In Volume 1 of the Serçe Limanı shipwreck final report [1], in Chapter 11 by S. Matthews dealing with the rigging reconstruction, it was noted that the absence of a full-length keelson and rigging attachments impeded the ability to establish a plausible rigging plan in the Serçe Limanı shipwreck [3]. If only an exemplary remnant of the keelson had been revealed, it would have sufficed to locate the recess into which the mast heel would have resided to reconstruct a sail plan. Matthews, however, relied on indirect evidence consisting of the provenance of halyard blocks and sheaves: the two-sail rigging plan was hence devised. Provenance evidence is indeed essential in developing maritime reconstructions. However, in heeding Bass’s guidance in the same volume describing site documentation, “readers should exercise caution before concluding the seemingly anomalous location of any single object on the site” [1]. As required, Matthews then proceeded to calculate the hydrostatics and resistance properties, from which the geometry of a double sail propulsion system was conceived (Figure 1). However, these findings, as the authors indicated, “cannot discount the possibility that Serçe Limanı ship carried only one mast” [3].

In deriving an alternative sail plan, the authors resourced the archaeological reconstructions of the hull, keelson, and keel [1]. Hence, the mast step was assumed to be located vertically aligned with the center of least resistance (CLR), slightly forward of the center of effort (CE). This fundamental design concept, which ensured minimal weather helm, has been employed by ancient shipwrights and contemporary marine architects alike [4,5]. This basic architectural principle served the authors in locating the mast step.

2. Methodology

2.1. Serçe Limanı’s Architectural and Nautical Specifications

The analyses conducted on the Serçe Limanı ship were based on a model developed from a line drawing provided by Steffy [6]. Applying the ‘lofting’ functionality provided in the CAD software SolidWorks^®2023, a framing shell was developed upon which the hull skin was swept. Ignoring surface friction, the hull was faired and then imported into the Orca3D V3 Marine Design for Rhinoceros^® 8 program for CFD hull resistance and hydrostatic stability analyses. In its simplest terms, CFD processes a physical flow problem while applying the basic Newtonian equations of conservation of mass and the second law of motion. The Orca3D^® marine design software provides an interface dedicated to generating the mass properties and floated ship properties used in the CFD ship hull analysis. The results of this preprocessing closely matched the data presented by Steffy [6] (

Table 1. Mass and floated properties of the Serçe Limanı ship.

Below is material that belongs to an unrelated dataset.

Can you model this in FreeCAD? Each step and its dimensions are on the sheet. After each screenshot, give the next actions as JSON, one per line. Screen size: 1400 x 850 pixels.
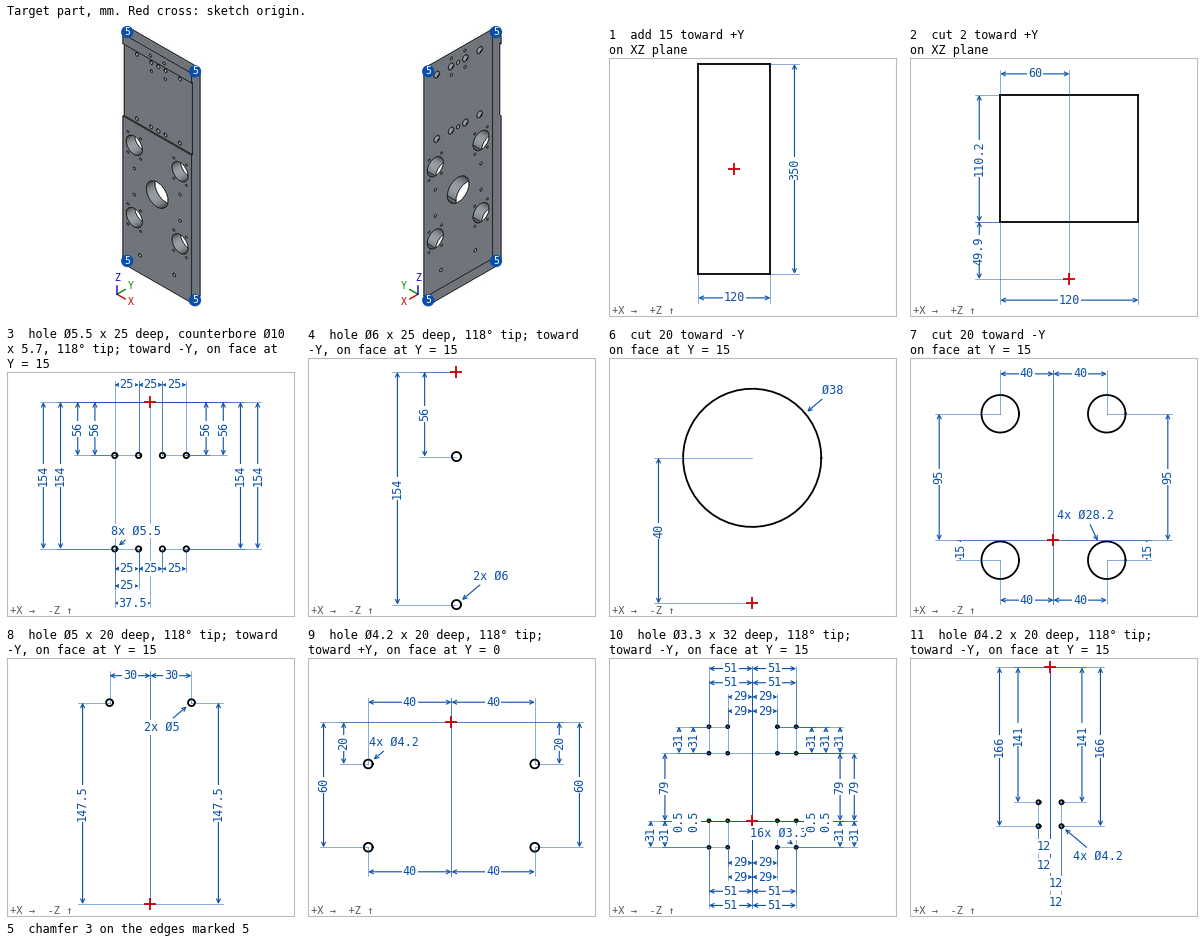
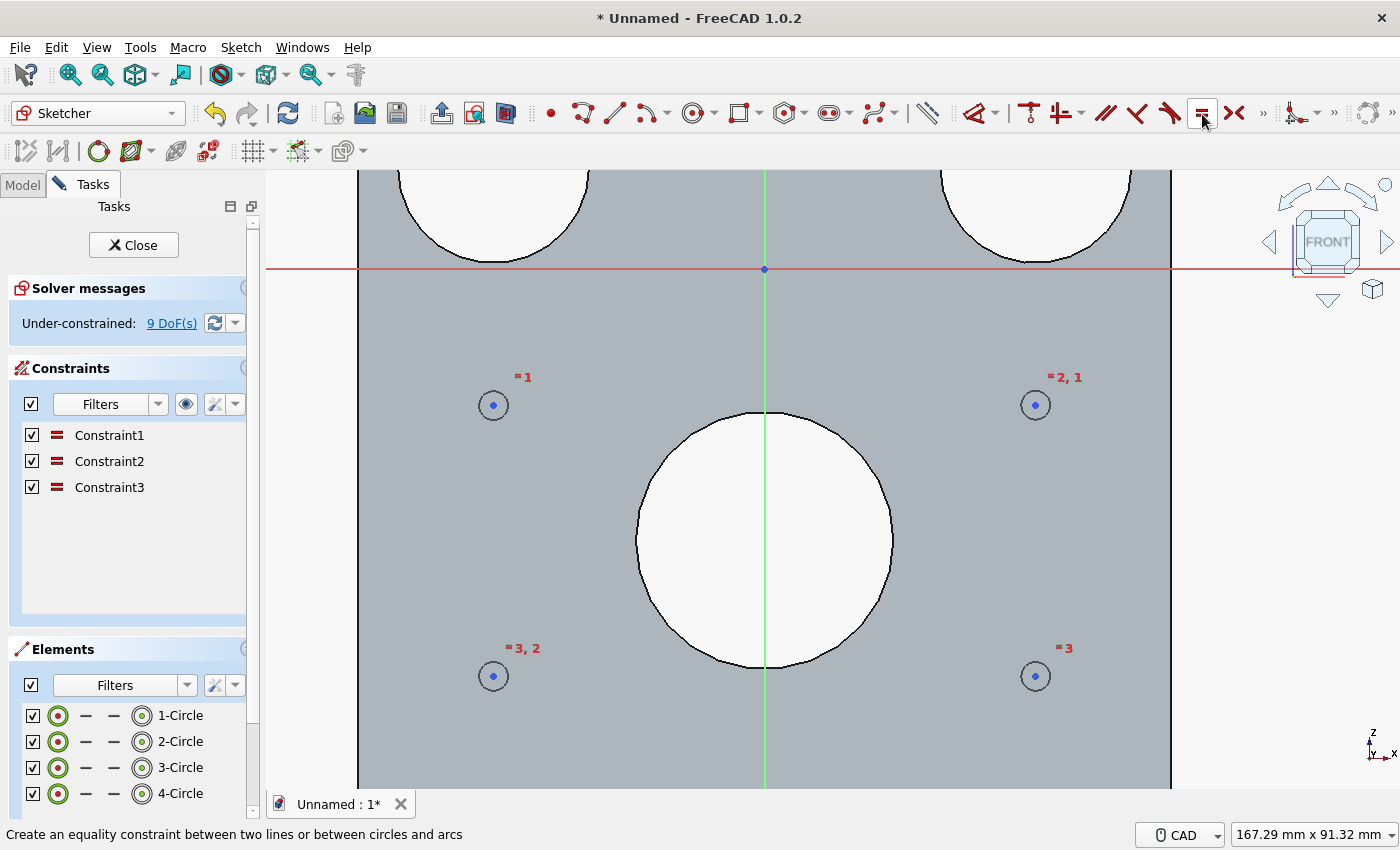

Source	Displacement at Waterline (Metric Tons)	Length at Load Waterline (LWL) (m)
Steffy	57.27	14.93
Orca3D®	57.24	14.94

).

2.2. Hull Resistance

CFD and hydraulic stability analyses require specific dimensional and physical input data generated by the preprocessor and applied to governing fluid dynamics equations. The prevailing Eastern Mediterranean maritime conditions between the months of April and October determined wind velocity when computing lift and drag sail forces.

When possible, an analytical methodology was implemented. This involved initially solving a given formula or equation to arrive at a calculated value. This was indeed valuable in setting orders of magnitude and a generalized direction to complex problems of fluid dynamics. The solution was verified by applying numerical analysis, which iteratively ‘converges’ on the solution of a fixed value [7]. This method was particularly useful in modeling the CFD aerodynamic analysis of the sail forces where more detailed and specific aerodynamic input parameters were required [8]. The forward movement sailing vessel, rigged with a single lateen sail, is dependent on the forward thrust propulsion system of the vessel. The forward thrust of the vessel relies on the capacity of the sail to develop the power to overcome the wave and hull-side resistance forces, as illustrated in Figure 2.

The choice of a single sail the length of the ship was supported by CFD resistance testing of the Serçe Limanı, which compared ‘with-keel’ and ‘without keel’ configurations [9]. It was demonstrated that the keel of the Serçe Limanı, as reconstructed, provided enough side-force and yawing moment, which increased the proximity between the center of effort (CE) and the center of least resistance (CLR). Thus, the vessel without the keel would have necessitated a sail that would extend forward beyond the bow, similar to Nile dhows [9].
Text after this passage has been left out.